At the Chile side, once again there was a huge queue. It seemed I was missing a bit of paper the Argentine customs should have given me. Jorge smoothed things over with lots of Spanish and gesticulations. At this point, we decided to ride to Puerto Montt together. Initially, it was exactly like England on a summers day, with a threat of rain. The road flattened out, passing through fertile farmland. At Entre Lagos, my phone told me to go left, but Jorge continued straight on, and I followed him. I thought about just shooting off to the left, but after Jorge’s help with the bike and at the border, it felt a bit churlish to suddenly veer off and leave him. We then spent over an hour negotiating roadworks, with long delays at traffic signals waiting for oncoming traffic to pass. The road dried out, and huge clouds of dust covered us as traffic passed. Eventually we reached Osorno, and then joined a massive motorway for 70 miles. Jorge showed no inclination to take a break. I was by now regretting my decision not to abandon him. It rained a bit, but the traffic wasn’t too bad. Jorge’s bike was afster than mine, and a few times he pulled way ahead, then would slow down to let me catch up. On reaching Puerto Montt, Jorge showed me a hostel up a scruffy looking side street. It looked a bit dilapidated. Puerto Montt has a seedy port atmosphere about it, and I had no desire to stay there. I told Jorge I would find a campsite. He was staying with relatives. I found a campsite on iOverlander. Jorge was staying with relatives. Tomorrow he is getting the huge rear knobbly he has been carrying fitted, ready for the Carreterra Austral. My first days riding with someone else on the trip had not been much fun, and I was pissed off I had missed the interesting looking back-roads to get to Puerto Montt. Maybe we will run into each other again in the next few days. But having ridden alone for the whole trip, it works for me, and I like it.

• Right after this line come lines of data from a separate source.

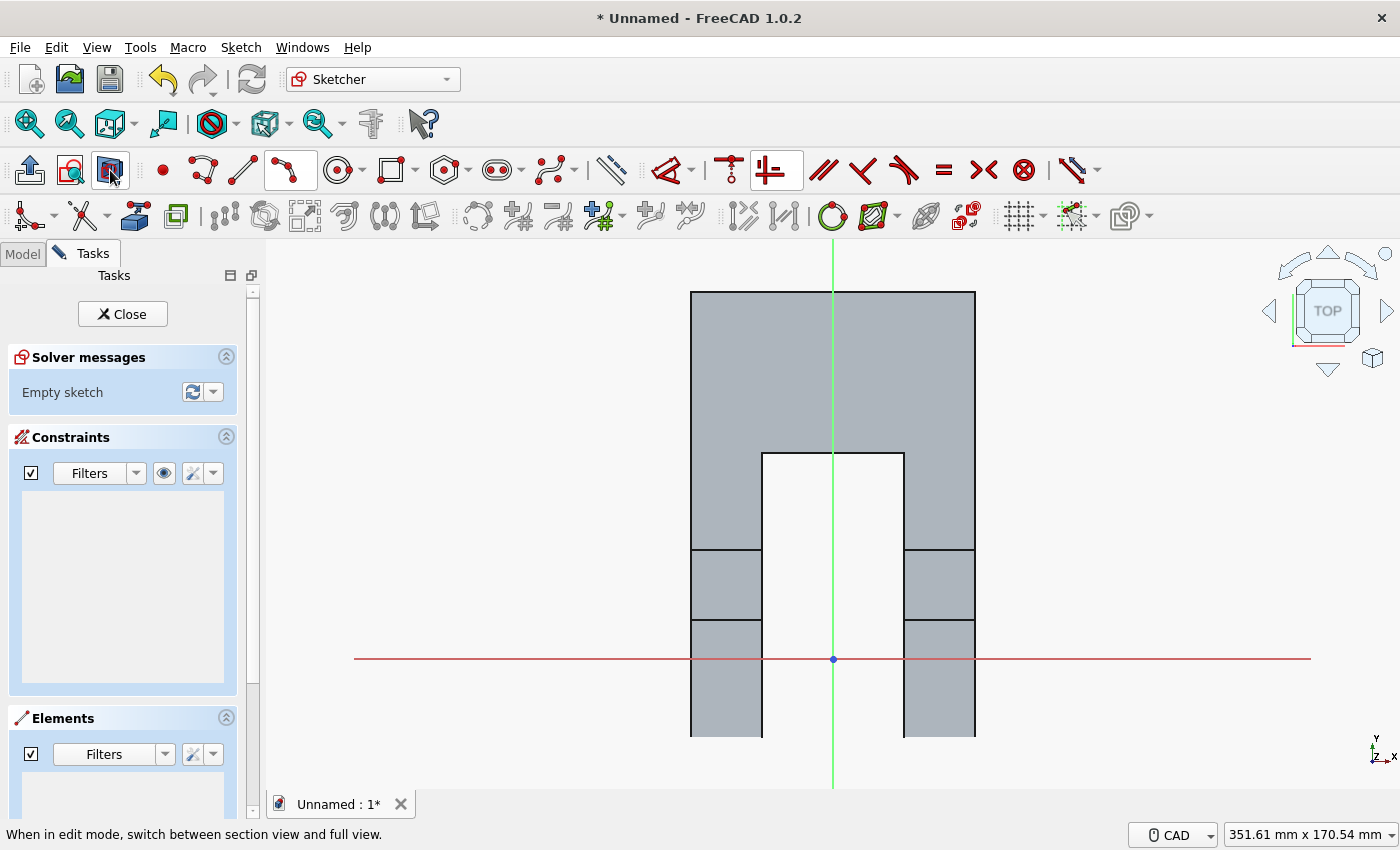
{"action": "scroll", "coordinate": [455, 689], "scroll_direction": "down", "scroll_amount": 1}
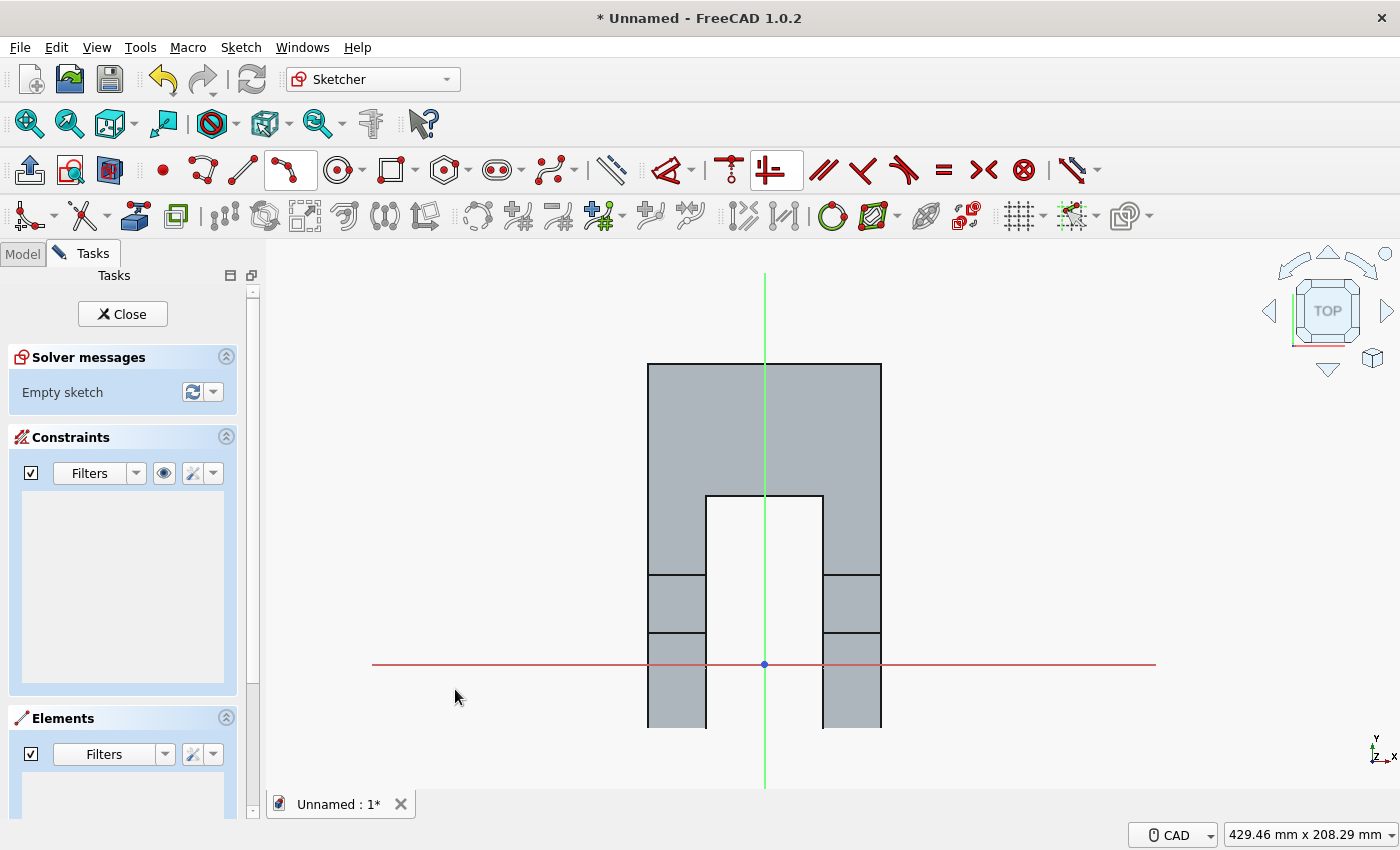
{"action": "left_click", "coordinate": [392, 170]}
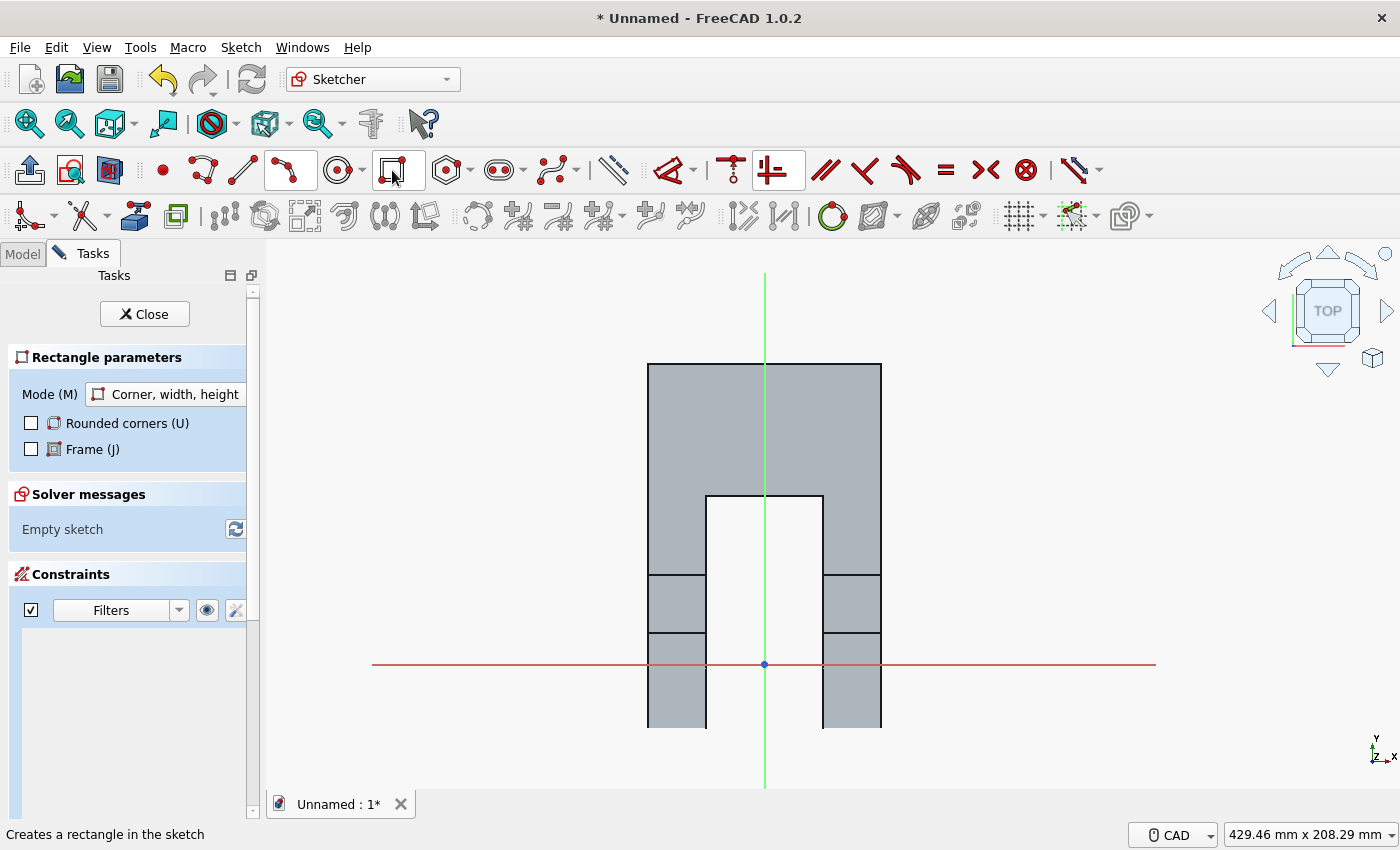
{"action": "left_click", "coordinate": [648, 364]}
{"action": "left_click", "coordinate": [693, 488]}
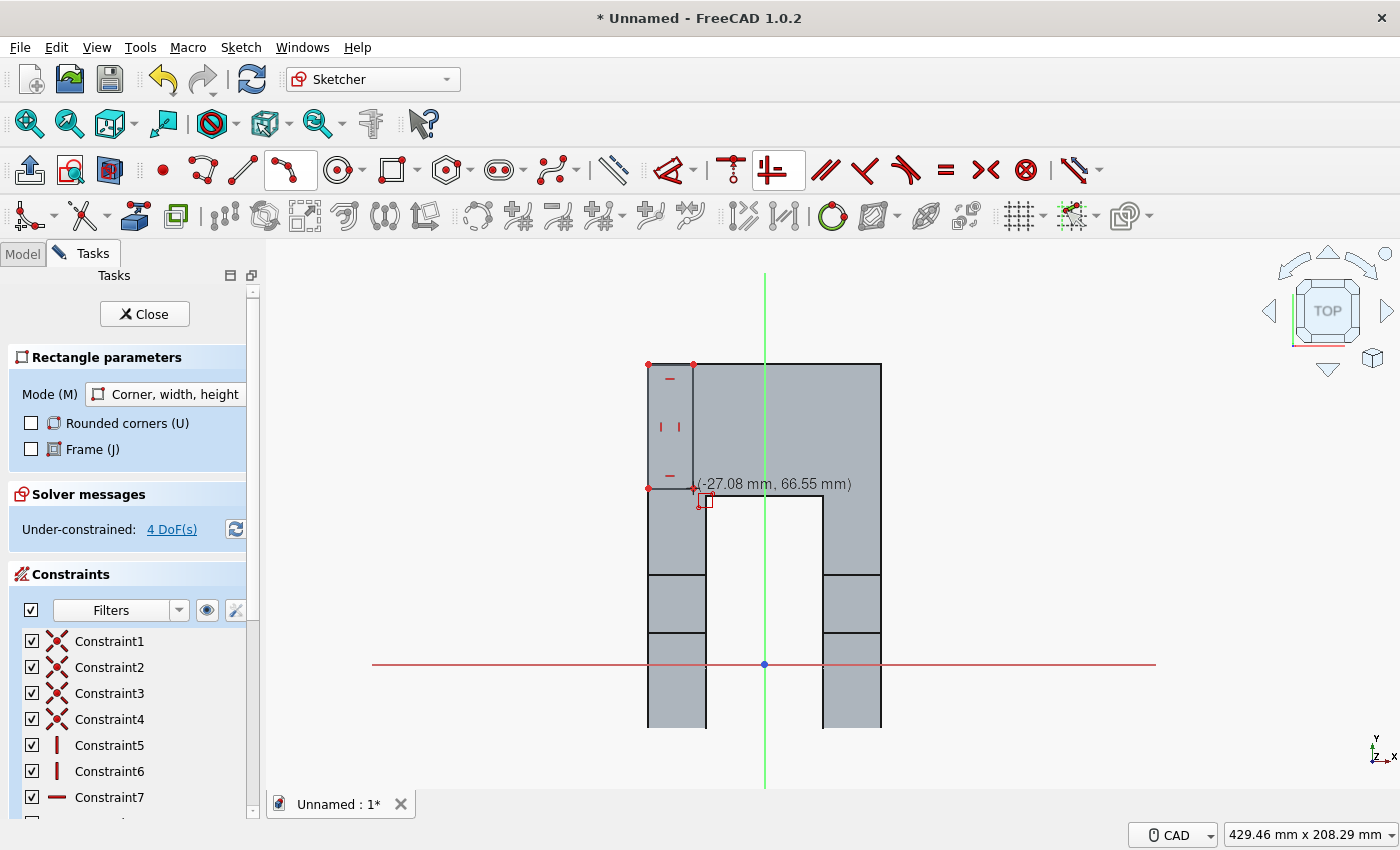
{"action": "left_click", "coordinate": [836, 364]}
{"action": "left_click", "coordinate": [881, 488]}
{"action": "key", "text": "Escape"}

The campsite I found is next to a fast food shack, 3 mile’s down the coast from Puerto Montt, with a great view of the Pacific. I bought a couple of beers, was interrogated by two dodgy looking guys for a while, then, after setting up my tent, cooked a dinner of pasta with tomato sauce. Tomorrow, after getting fuel and some local currency, it’s off south into Chilean Patagonia.
The whole day, I hadn’t taken any pictures. That’s what comes with riding with someone else, I guess. I did shoot some video, but that won’t be edited until I am home.